According to the report, the Chinese Government-backed Shanghai Pengxin bid for the 16 Crafar farms has been approved – but under strict conditions including that the owners continue to be of good character, must invest $14 million in the properties and cannot become majority owners of milk processing facilities in New Zealand.

The decision has been slammed by the Crafar Farms Purchase Group, which said it was “wrong in law and, if not overturned by Judicial Review, sets up open season for any foreign buyers wanting New Zealand land”.

The group confirmed today that it would proceed with a Judicial Review launched earlier this week to try to stop the land from being sold offshore.

Group spokesman Alan McDonald said Shanghai Pengxin did not meet the criteria for overseas investment in New Zealand.

“By its own admission, Shanghai Pengxin Group does not have experience in dairying which is why they are trying to use the New Zealand Government’s own SOE, Landcorp, to put the veneer of a Kiwi face on this deal.

The fact that Shanghai Pengxin does not have this dairy farming experience makes them nothing more than a passive investor and on this basis we believe the application should have been rejected.” he said.

Group member Hardie Peni of Tiroa E and Te Hape B Trusts said his people were “dismayed but not deterred” by today’s ministerial decision.

“All public opinion polls have been overwhelmingly against the Shanghai Pengxin bid, with more than 80 per cent of New Zealanders against the sale of large parcels of productive farm land to overseas buyers,” he said.

“This is one issue where all Kiwis, Maori and Pakeha, urban and rural, stand together. Kiwis are right to be mightily concerned that this National/Maori Party Government has stood by and waved foreign buyers through our farm gates.”

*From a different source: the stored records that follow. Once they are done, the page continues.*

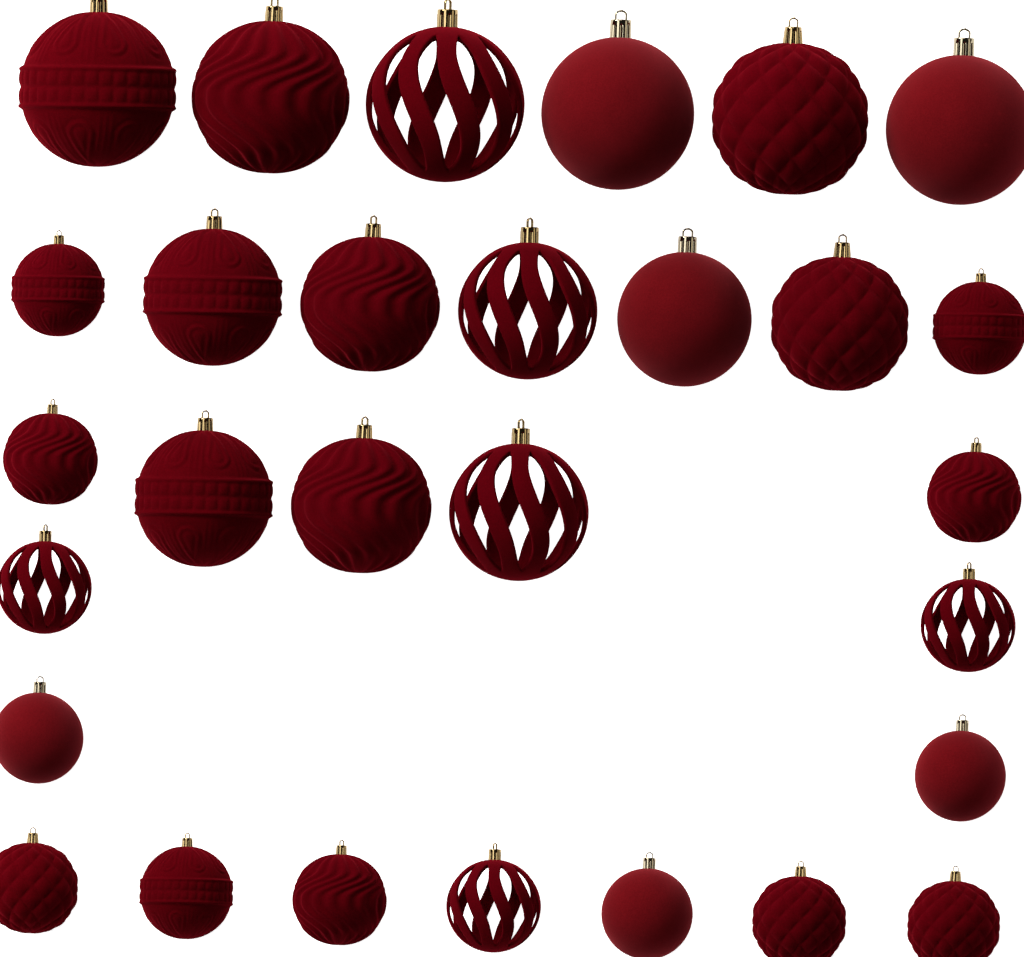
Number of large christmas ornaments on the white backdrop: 14
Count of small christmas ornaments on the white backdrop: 15
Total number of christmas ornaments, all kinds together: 29

Land Information Minister Maurice Williamson and Associate Finance Minister Jonathan Coleman today announced that they have accepted the recommendation of the Overseas investment Office (OIO) to accept the bid from Milk New Zealand, a subsidiary of Pengxin.

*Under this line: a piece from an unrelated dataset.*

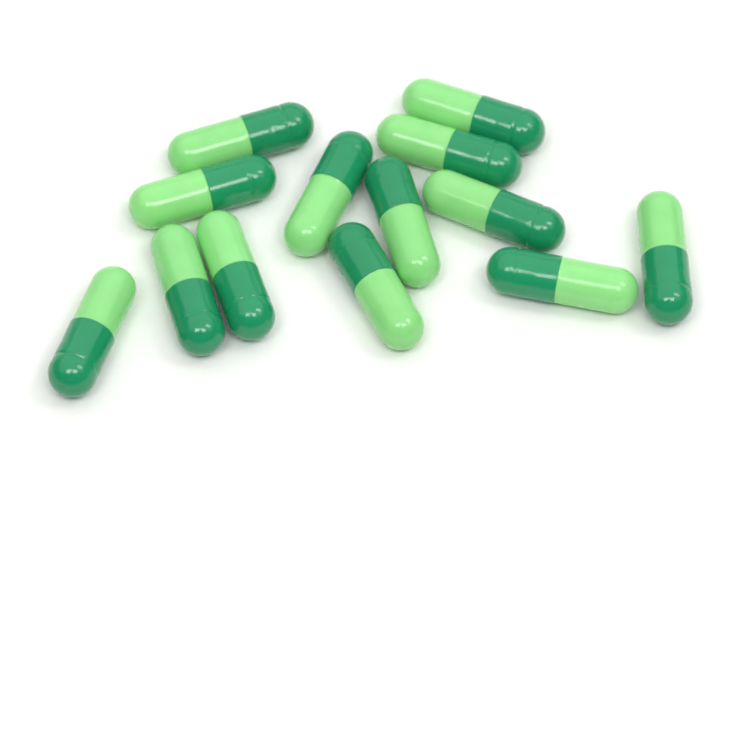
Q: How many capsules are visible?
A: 13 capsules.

“It is clear that all criteria under sections 16 and 18 of the Overseas Investment Act 2005 have been met, therefore we accept the recommendation of the OIO to grant consent,” Mr Williamson said.

The offer is believed to be for $210 million.

Milk New Zealand intends to engage Landcorp Farming Limited (Landcorp) to manage the farms. The Overseas Investment Office considers that the involvement of Landcorp makes it more likely that the expected benefits will occur.

If an agreement between Milk New Zealand and Landcorp cannot be reached, Milk New Zealand will have to sell the properties.